- [ASSIGNMENT]
Please repeat, from the entries that follow, the lines from the one containing "import ezdxf" through the one containing "doc.styles.add('Höhe NHN_ gemessen_ schwarz', font='Century" exactly, adding nothing.

- [RECORDS TO USE]
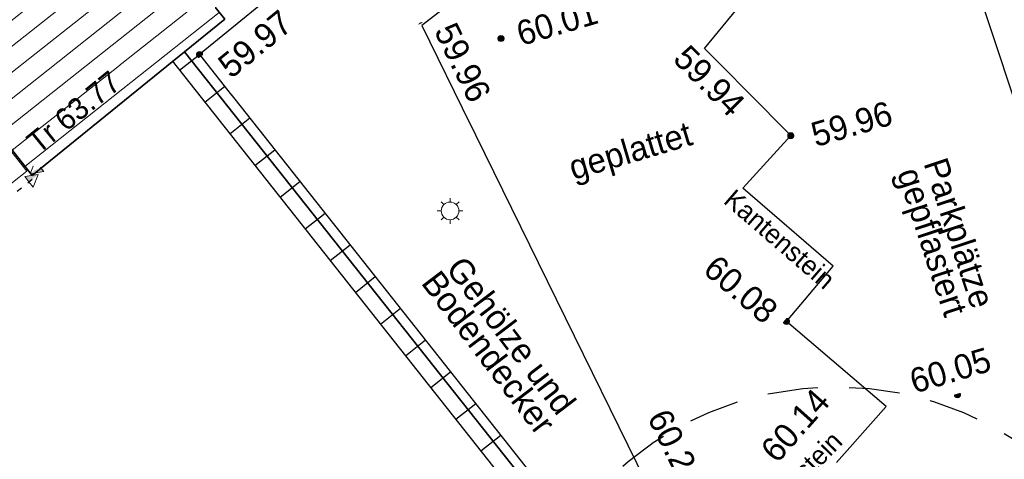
# Model space of a CAD drawing. Header units: metres. Extents: x 32365810 to 32367010, y 5620411 to 5622366.
# Tile 96 of 198: x 32366190 to 32366208, y 5622057 to 5622065. Entities that reach past the tile are written whole.
import ezdxf

# ---------------------------------------------------------------- set-up
doc = ezdxf.new("R2010")
doc.units = ezdxf.units.M
for name, pattern in [('1000.100', [0]), ('1000.196', [0.225, 0.075, -0.15]), ('1000.220', [1.5, 0.925, -0.575]), ('1600.1047', [0]), ('1600.2028', [0]), ('1600.2505', [0])]:
    doc.linetypes.add(name, pattern=pattern)
doc.layers.get('0').update_dxf_attribs({"color": 1, "linetype": 'CONTINUOUS'})
for name, color, linetype in [('Beschriftung Topographie', 7, 'CONTINUOUS'), ('Bäume_ gemessen', 7, 'CONTINUOUS'), ('Ebene 32', 7, 'CONTINUOUS'), ('EFB-_ Dachhöhen Bestandsgebäude (NHN)', 7, 'CONTINUOUS'), ('Flurstücke_Grenzpunkte', 11, 'CONTINUOUS'), ('Gebäude', 31, 'CONTINUOUS'), ('Höhen_ gemessen (NHN)', 7, 'CONTINUOUS'), ('Höhentexte_ gemessen (NHN)', 7, 'CONTINUOUS'), ('Symbole Topographie', 7, 'CONTINUOUS'), ('Topographie_ örtl. Aufnahme', 7, 'CONTINUOUS')]:
    doc.layers.add(name, color=color, linetype=linetype)
doc.styles.add('Beschriftung Topographie_ blau', font='Century Gothic.ttf')
doc.styles.add('Dachhöhe NHN_ Bestand_ gemessen', font='Century Gothic.ttf')
doc.styles.add('Flurstücksnummer - K 10 700', font='Arial.ttf')
doc.styles.add('Hausnummern NRW', font='Arial.ttf', dxfattribs={"width": 0.85})
doc.styles.add('Höhe NHN_ gemessen_ blau', font='Century Gothic.ttf')
doc.styles.add('Höhe NHN_ gemessen_ schwarz', font='Century Gothic.ttf')

# ---------------------------------------------------------------- blocks, each defined once
blk = doc.blocks.new('S1000.461')
at = {"color": 0, "lineweight": -2}
for p, q in [((0, 0.345), (0, 0.5)), ((-0.345, 0), (-0.5, 0)), ((-0.245, 0.245), (-0.35, 0.35)), ((0.245, 0.245), (0.35, 0.35)), ((0.345, 0), (0.5, 0)), ((-0.245, -0.245), (-0.35, -0.35)), ((0, -0.345), (0, -0.5)), ((0.245, -0.245), (0.35, -0.35))]:
    blk.add_line(p, q, dxfattribs=at)
blk.add_circle((0, 0), 0.345, dxfattribs=at)
blk = doc.blocks.new('S1000.15')
at = {"color": 0, "lineweight": -2}
for p, q in [((-0.5, 0.05), (-0.485, 0.1)), ((0.495, 0.05), (-0.5, 0.05)), ((-0.5, -0.05), (-0.5, 0)), ((-0.5, 0), (0.5, 0)), ((-0.485, 0.1), (0.49, 0.1)), ((-0.475, 0.15), (-0.455, 0.2)), ((0.475, 0.15), (-0.475, 0.15)), ((-0.455, 0.2), (0.455, 0.2)), ((-0.43, 0.25), (-0.4, 0.3)), ((0.43, 0.25), (-0.43, 0.25)), ((-0.4, 0.3), (0.395, 0.3)), ((-0.355, 0.35), (-0.295, 0.4)), ((0.36, 0.35), (-0.355, 0.35)), ((-0.295, 0.4), (0.3, 0.4)), ((0.22, 0.45), (-0.215, 0.45)), ((0.3, 0.4), (0.22, 0.45)), ((0.395, 0.3), (0.36, 0.35)), ((0.455, 0.2), (0.43, 0.25)), ((0.49, 0.1), (0.475, 0.15)), ((0.5, 0), (0.495, 0.05)), ((0.495, -0.05), (-0.5, -0.05)), ((-0.475, -0.15), (-0.49, -0.1)), ((-0.49, -0.1), (0.485, -0.1)), ((0.475, -0.15), (-0.475, -0.15)), ((-0.43, -0.25), (-0.455, -0.2)), ((-0.455, -0.2), (0.46, -0.2)), ((0.425, -0.25), (-0.43, -0.25)), ((-0.355, -0.35), (-0.4, -0.3)), ((-0.4, -0.3), (0.395, -0.3)), ((0.345, -0.35), (-0.355, -0.35)), ((-0.205, -0.45), (-0.29, -0.4)), ((-0.29, -0.4), (0.285, -0.4)), ((0.2, -0.45), (-0.205, -0.45)), ((0.285, -0.4), (0.345, -0.35)), ((0.395, -0.3), (0.425, -0.25)), ((0.46, -0.2), (0.475, -0.15)), ((0.485, -0.1), (0.495, -0.05))]:
    blk.add_line(p, q, dxfattribs=at)
blk.add_circle((0, 0), 0.5, dxfattribs=at)
blk = doc.blocks.new('S1000.114', base_point=(0, 0.366025))
at = {"lineweight": -2}
blk.add_hatch(color=0, dxfattribs=at).paths.add_polyline_path([(-0.5, -0.5), (0, 0.366026), (0, -0.5)], flags=0)
at = {"color": 0, "lineweight": -2}
for p, q in [((0, 0.366026), (-0.5, -0.5)), ((0.5, -0.5), (0, 0.366026)), ((-0.5, -0.5), (0, -0.5)), ((0, -0.5), (0.5, -0.5))]:
    blk.add_line(p, q, dxfattribs=at)
blk = doc.blocks.new('O805')
at = {"layer": 'Flurstücke_Grenzpunkte', "color": 7, "linetype": '1600.2028', "lineweight": 35}
for p, q in [((32366193.753, 5622064.723), (32366193.015, 5622064.125)), ((32366193.015, 5622064.125), (32366211.506, 5622040.8))]:
    blk.add_line(p, q, dxfattribs=at)
blk = doc.blocks.new('O1125')
at = {"layer": 'Flurstücke_Grenzpunkte', "color": 7, "linetype": '1600.2028', "lineweight": 35}
for p, q in [((32366190.222, 5622061.86), (32366179.062, 5622076.018)), ((32366193.015, 5622064.125), (32366190.463, 5622062.055)), ((32366193.015, 5622064.125), (32366211.506, 5622040.8)), ((32366190.463, 5622062.055), (32366190.222, 5622061.86))]:
    blk.add_line(p, q, dxfattribs=at)
blk = doc.blocks.new('O1248')
at = {"layer": 'Flurstücke_Grenzpunkte', "color": 7, "linetype": '1600.2028', "lineweight": 35}
for p, q in [((32366182.581, 5622078.818), (32366180.091, 5622076.826)), ((32366182.581, 5622078.818), (32366190.03, 5622069.422)), ((32366180.091, 5622076.826), (32366179.062, 5622076.018)), ((32366190.222, 5622061.86), (32366179.062, 5622076.018)), ((32366190.03, 5622069.422), (32366193.753, 5622064.723)), ((32366193.753, 5622064.723), (32366193.015, 5622064.125)), ((32366193.015, 5622064.125), (32366190.463, 5622062.055)), ((32366190.463, 5622062.055), (32366190.222, 5622061.86))]:
    blk.add_line(p, q, dxfattribs=at)
at = {"layer": 'Flurstücke_Grenzpunkte', "color": 7, "lineweight": 18, "insert": (32366187.618047, 5622068.642208), "char_height": 0.95, "attachment_point": 8, "rotation": 16.5124674, "line_spacing_factor": 0.69, "style": 'Flurstücksnummer - K 10 700', "bg_fill": 2}
blk.add_mtext('90', dxfattribs=at)
blk = doc.blocks.new('O2591')
at = {"layer": 'Gebäude', "color": 7, "linetype": '1600.2505', "lineweight": 18}
for p, q in [((32366186.493, 5622066.57), (32366190.03, 5622069.422)), ((32366190.03, 5622069.422), (32366193.753, 5622064.723)), ((32366186.493, 5622066.57), (32366190.222, 5622061.86)), ((32366193.015, 5622064.125), (32366193.753, 5622064.723)), ((32366190.463, 5622062.055), (32366193.015, 5622064.125)), ((32366190.222, 5622061.86), (32366190.463, 5622062.055))]:
    blk.add_line(p, q, dxfattribs=at)
at = {"layer": 'Ebene 32', "color": 7, "lineweight": 18, "insert": (32366189.954, 5622065.748), "char_height": 0.7, "attachment_point": 8, "line_spacing_factor": 0.69, "style": 'Hausnummern NRW', "bg_fill": 2}
blk.add_mtext('(1)', dxfattribs=at)
blk = doc.blocks.new('O3095')
at = {"layer": 'Gebäude', "color": 7, "linetype": '1600.2505', "lineweight": 18}
for p, q in [((32366182.05, 5622063.034), (32366186.469, 5622066.553)), ((32366190.124, 5622061.936), (32366186.469, 5622066.553)), ((32366181.894, 5622062.91), (32366182.05, 5622063.034)), ((32366181.894, 5622062.91), (32366185.523, 5622058.3)), ((32366185.523, 5622058.3), (32366190.124, 5622061.936))]:
    blk.add_line(p, q, dxfattribs=at)
at = {"layer": 'Ebene 32', "color": 7, "lineweight": 18, "insert": (32366186.424, 5622062.589), "char_height": 0.7, "attachment_point": 8, "line_spacing_factor": 0.69, "style": 'Hausnummern NRW', "bg_fill": 2}
blk.add_mtext('(2)', dxfattribs=at)
blk = doc.blocks.new('*X989')
at = {"color": 142, "linetype": '1000.100', "lineweight": 25, "true_color": 0x0087cd}
for p, q in [((32366192.927013, 5622063.785931), (32366193.292697, 5622064.075349)), ((32366193.387193, 5622063.20456), (32366193.75286, 5622063.494001)), ((32366193.847374, 5622062.62319), (32366194.21304, 5622062.91263)), ((32366194.307554, 5622062.041819), (32366194.67322, 5622062.331259)), ((32366194.767734, 5622061.460448), (32366195.133401, 5622061.749888)), ((32366195.227915, 5622060.879077), (32366195.593581, 5622061.168517)), ((32366195.688095, 5622060.297705), (32366196.053762, 5622060.587146)), ((32366196.148276, 5622059.716334), (32366196.513942, 5622060.005774)), ((32366196.608456, 5622059.134962), (32366196.974123, 5622059.424403)), ((32366197.068637, 5622058.55359), (32366197.434304, 5622058.843031)), ((32366197.528818, 5622057.972218), (32366197.894485, 5622058.261659)), ((32366197.988999, 5622057.390846), (32366198.354666, 5622057.680286)), ((32366198.44918, 5622056.809473), (32366198.814847, 5622057.098914))]:
    blk.add_line(p, q, dxfattribs=at)
blk = doc.blocks.new('*X1209')
at = {"color": 253, "linetype": '1600.1047', "lineweight": 18, "true_color": 0xb2b2b2}
for p, q in [((32366186.599129, 5622066.435951), (32366190.161332, 5622069.256239)), ((32366186.831902, 5622066.141942), (32366190.394209, 5622068.962312)), ((32366187.064675, 5622065.847932), (32366190.627087, 5622068.668385)), ((32366187.297449, 5622065.553923), (32366190.859964, 5622068.374458)), ((32366187.530222, 5622065.259913), (32366191.092841, 5622068.080531)), ((32366187.762995, 5622064.965903), (32366191.325719, 5622067.786603)), ((32366187.995768, 5622064.671894), (32366191.558596, 5622067.492676)), ((32366188.228541, 5622064.377884), (32366191.791473, 5622067.198749)), ((32366188.461314, 5622064.083875), (32366192.024351, 5622066.904822)), ((32366188.694088, 5622063.789865), (32366192.257228, 5622066.610895)), ((32366188.926861, 5622063.495855), (32366192.490105, 5622066.316968)), ((32366189.159634, 5622063.201846), (32366192.722983, 5622066.023041)), ((32366189.392407, 5622062.907836), (32366192.95586, 5622065.729113)), ((32366189.62518, 5622062.613827), (32366193.188737, 5622065.435186)), ((32366189.857954, 5622062.319817), (32366193.421615, 5622065.141259)), ((32366190.090727, 5622062.025808), (32366193.654492, 5622064.847332))]:
    blk.add_line(p, q, dxfattribs=at)

msp = doc.modelspace()

# ---------------------------------------------------------------- block references
at = {"layer": 'EFB-_ Dachhöhen Bestandsgebäude (NHN)', "color": 7, "lineweight": 18, "xscale": 0.25, "yscale": 0.25, "zscale": 0.25}
for p, rotation in [((32366190.188297, 5622061.889017, 63.769), 129.046496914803), ((32366190.334895, 5622061.877066, 65.627), 308.318011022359)]:
    msp.add_blockref('S1000.114', p, dxfattribs=dict(at, rotation=rotation))
at = {"layer": 'Höhen_ gemessen (NHN)', "color": 7, "lineweight": 18, "xscale": 0.1125, "yscale": 0.1125, "zscale": 0.1125}
for p in [(32366197.367538, 5622064.606461, 59.956), (32366198.818, 5622064.369, 60.006), (32366202.545474, 5622064.187272, 59.945), (32366193.292699, 5622064.075381, 59.968), (32366204.130535, 5622062.588094, 59.961), (32366204.051491, 5622059.184368, 60.076), (32366207.186, 5622057.84, 60.049), (32366204.562, 5622057.007, 60.14)]:
    msp.add_blockref('S1000.15', p, dxfattribs=at)
at = {"layer": 'Symbole Topographie', "color": 7, "lineweight": 18, "xscale": 0.47, "yscale": 0.47, "zscale": 0.47}
msp.add_blockref('S1000.461', (32366197.884106, 5622061.209593, 60.104), dxfattribs=at)

# ---------------------------------------------------------------- texts
at = {"layer": 'Beschriftung Topographie', "color": 142, "lineweight": 25, "true_color": 0x0087cd, "attachment_point": 5, "line_spacing_factor": 0.69, "style": 'Beschriftung Topographie_ blau', "bg_fill": 2}
for s, insert, char_height, rotation in [('geplattet', (32366201.207194, 5622062.251613), 0.45, 16.5121764), ('Parkplätze\\Pgepflastert', (32366206.908085, 5622060.702071), 0.45, 288.2602135), ('Kantenstein', (32366203.924673, 5622060.688397), 0.35, 319.1425822), ('Gehölze und\\PBodendecker', (32366198.796123, 5622058.766795), 0.45, 307.2844249)]:
    msp.add_mtext(s, dxfattribs=dict(at, insert=insert, char_height=char_height, rotation=rotation))
at = {"layer": 'EFB-_ Dachhöhen Bestandsgebäude (NHN)', "color": 142, "lineweight": 25, "true_color": 0x0087cd, "insert": (32366191.114736, 5622062.861863), "char_height": 0.4, "attachment_point": 8, "rotation": 39.012777, "line_spacing_factor": 0.69, "style": 'Dachhöhe NHN_ Bestand_ gemessen', "bg_fill": 2}
msp.add_mtext('Tr 63.77', dxfattribs=at)
at = {"layer": 'Höhentexte_ gemessen (NHN)', "color": 7, "lineweight": 25, "char_height": 0.45, "attachment_point": 8, "line_spacing_factor": 0.69, "style": 'Höhe NHN_ gemessen_ schwarz', "bg_fill": 2}
for s, insert, rotation in [('60.01', (32366199.910366, 5622064.437454, 59.982), 16.5124674), ('60.05', (32366207.118852, 5622058.066507, 60.049), 16.5124674), ('60.21', (32366201.818838, 5622056.74566, 60.189), 296.1397492)]:
    msp.add_mtext(s, dxfattribs=dict(at, insert=insert, rotation=rotation))
at = {"layer": 'Höhentexte_ gemessen (NHN)', "color": 142, "lineweight": 25, "true_color": 0x0087cd, "char_height": 0.45, "line_spacing_factor": 0.69, "style": 'Höhe NHN_ gemessen_ blau', "bg_fill": 2}
for s, insert, attachment_point, rotation in [('59.97', (32366193.585456, 5622063.966905, 59.944), 1, 39.3354324), ('59.96', (32366205.311441, 5622062.583026), 8, 16.4444109)]:
    msp.add_mtext(s, dxfattribs=dict(at, insert=insert, attachment_point=attachment_point, rotation=rotation))

# ---------------------------------------------------------------- next in the draw order: texts
at = {"layer": 'Beschriftung Topographie', "color": 142, "lineweight": 25, "true_color": 0x0087cd, "insert": (32366204.114582, 5622056.192253), "char_height": 0.35, "attachment_point": 5, "rotation": 45.5308656, "line_spacing_factor": 0.69, "style": 'Beschriftung Topographie_ blau', "bg_fill": 2}
msp.add_mtext('Kantenstein', dxfattribs=at)
at = {"layer": 'Höhentexte_ gemessen (NHN)', "color": 142, "lineweight": 25, "true_color": 0x0087cd, "char_height": 0.45, "line_spacing_factor": 0.69, "style": 'Höhe NHN_ gemessen_ blau', "bg_fill": 2}
for s, insert, attachment_point, rotation in [('59.96', (32366197.578823, 5622064.505024, 59.932), 7, 296.1397492), ('59.94', (32366202.268656, 5622064.288144, 59.921), 1, 314.745975), ('60.08', (32366203.786624, 5622059.281272, 60.052), 6, 319.4753376)]:
    msp.add_mtext(s, dxfattribs=dict(at, insert=insert, attachment_point=attachment_point, rotation=rotation))

# ---------------------------------------------------------------- next in the draw order: texts
at = {"layer": 'Höhentexte_ gemessen (NHN)', "color": 7, "lineweight": 25, "insert": (32366204.383671, 5622057.123594, 60.116), "char_height": 0.45, "attachment_point": 8, "rotation": 48.4227354, "line_spacing_factor": 0.69, "style": 'Höhe NHN_ gemessen_ schwarz', "bg_fill": 2}
msp.add_mtext('60.14', dxfattribs=at)

# ---------------------------------------------------------------- next in the draw order: block references
at = {"layer": 'Flurstücke_Grenzpunkte', "color": 7, "true_color": 0xffffff}
msp.add_blockref('O805', (0, 0), dxfattribs=at)

# ---------------------------------------------------------------- next in the draw order: block references
msp.add_blockref('O1125', (0, 0), dxfattribs=at)

# ---------------------------------------------------------------- next in the draw order: linework, layer by layer
at = {"layer": 'Bäume_ gemessen', "color": 92, "linetype": '1000.220', "lineweight": 25, "true_color": 0x00d200}
msp.add_circle((32366204.962258, 5622051.988348, 60.638), 5.998471, dxfattribs=at)
at = {"layer": 'Topographie_ örtl. Aufnahme', "color": 142, "linetype": '1000.100', "lineweight": 25, "true_color": 0x0087cd}
for p, q in [((32366204.960598, 5622073.134412, 59.692), (32366213.67299, 5622046.729122, 60.228)), ((32366202.545474, 5622064.187272, 59.945), (32366205.932704, 5622068.289252, 59.821)), ((32366200.827125, 5622067.285702, 59.904), (32366197.367538, 5622064.606461, 59.956)), ((32366197.367538, 5622064.606461, 59.956), (32366202.524422, 5622054.098401, 60.208)), ((32366204.130535, 5622062.588094, 59.961), (32366202.545474, 5622064.187272, 59.945)), ((32366203.254116, 5622061.628087, 60.006), (32366204.130535, 5622062.588094, 59.961)), ((32366204.906961, 5622060.195253, 60.031), (32366203.254116, 5622061.628087, 60.006)), ((32366204.051491, 5622059.184368, 60.076), (32366204.906961, 5622060.195253, 60.031)), ((32366205.876284, 5622057.624488, 60.062), (32366204.051491, 5622059.184368, 60.076)), ((32366204.967222, 5622056.599768, 60.125), (32366205.876284, 5622057.624488, 60.062))]:
    msp.add_line(p, q, dxfattribs=at)

# ---------------------------------------------------------------- next in the draw order: block references
at = {"layer": 'Flurstücke_Grenzpunkte', "color": 7, "true_color": 0xffffff}
msp.add_blockref('O1248', (0, 0), dxfattribs=at)

# ---------------------------------------------------------------- next in the draw order: block references
at = {"layer": 'Gebäude', "color": 7, "true_color": 0xffffff}
msp.add_blockref('O2591', (0, 0), dxfattribs=at)

# ---------------------------------------------------------------- next in the draw order: linework, layer by layer
at = {"layer": 'Topographie_ örtl. Aufnahme', "color": 142, "linetype": '1000.100', "lineweight": 25, "true_color": 0x0087cd}
for p, q in [((32366203.864971, 5622072.739612, 59.759), (32366193.292699, 5622064.075381, 59.968)), ((32366193.292699, 5622064.075381, 59.968), (32366211.719334, 5622040.795965, 60.444)), ((32366192.78927, 5622063.959953, 59.964), (32366211.157067, 5622040.75487, 60.444))]:
    msp.add_line(p, q, dxfattribs=at)

# ---------------------------------------------------------------- next in the draw order: block references
at = {"layer": 'Gebäude', "color": 7, "true_color": 0xffffff}
msp.add_blockref('O3095', (0, 0), dxfattribs=at)
at = {"layer": 'Topographie_ örtl. Aufnahme', "color": 7, "true_color": 0xffffff}
msp.add_blockref('*X989', (0, 0), dxfattribs=at)

# ---------------------------------------------------------------- next in the draw order: linework, layer by layer
at = {"layer": 'EFB-_ Dachhöhen Bestandsgebäude (NHN)', "color": 7, "linetype": '1000.196', "lineweight": 25}
msp.add_line((32366185.632744, 5622058.16113), (32366190.233744, 5622061.79713), dxfattribs=at)

# ---------------------------------------------------------------- next in the draw order: block references
at = {"layer": 'Gebäude', "color": 7, "true_color": 0xffffff}
msp.add_blockref('*X1209', (0, 0), dxfattribs=at)

doc.saveas('drawing.dxf')

- [REPLY TO THE TASK]
import ezdxf

# ---------------------------------------------------------------- set-up
doc = ezdxf.new("R2010")
doc.units = ezdxf.units.M
for name, pattern in [('1000.100', [0]), ('1000.196', [0.225, 0.075, -0.15]), ('1000.220', [1.5, 0.925, -0.575]), ('1600.1047', [0]), ('1600.2028', [0]), ('1600.2505', [0])]:
    doc.linetypes.add(name, pattern=pattern)
doc.layers.get('0').update_dxf_attribs({"color": 1, "linetype": 'CONTINUOUS'})
for name, color, linetype in [('Beschriftung Topographie', 7, 'CONTINUOUS'), ('Bäume_ gemessen', 7, 'CONTINUOUS'), ('Ebene 32', 7, 'CONTINUOUS'), ('EFB-_ Dachhöhen Bestandsgebäude (NHN)', 7, 'CONTINUOUS'), ('Flurstücke_Grenzpunkte', 11, 'CONTINUOUS'), ('Gebäude', 31, 'CONTINUOUS'), ('Höhen_ gemessen (NHN)', 7, 'CONTINUOUS'), ('Höhentexte_ gemessen (NHN)', 7, 'CONTINUOUS'), ('Symbole Topographie', 7, 'CONTINUOUS'), ('Topographie_ örtl. Aufnahme', 7, 'CONTINUOUS')]:
    doc.layers.add(name, color=color, linetype=linetype)
doc.styles.add('Beschriftung Topographie_ blau', font='Century Gothic.ttf')
doc.styles.add('Dachhöhe NHN_ Bestand_ gemessen', font='Century Gothic.ttf')
doc.styles.add('Flurstücksnummer - K 10 700', font='Arial.ttf')
doc.styles.add('Hausnummern NRW', font='Arial.ttf', dxfattribs={"width": 0.85})
doc.styles.add('Höhe NHN_ gemessen_ blau', font='Century Gothic.ttf')
doc.styles.add('Höhe NHN_ gemessen_ schwarz', font='Century Gothic.ttf')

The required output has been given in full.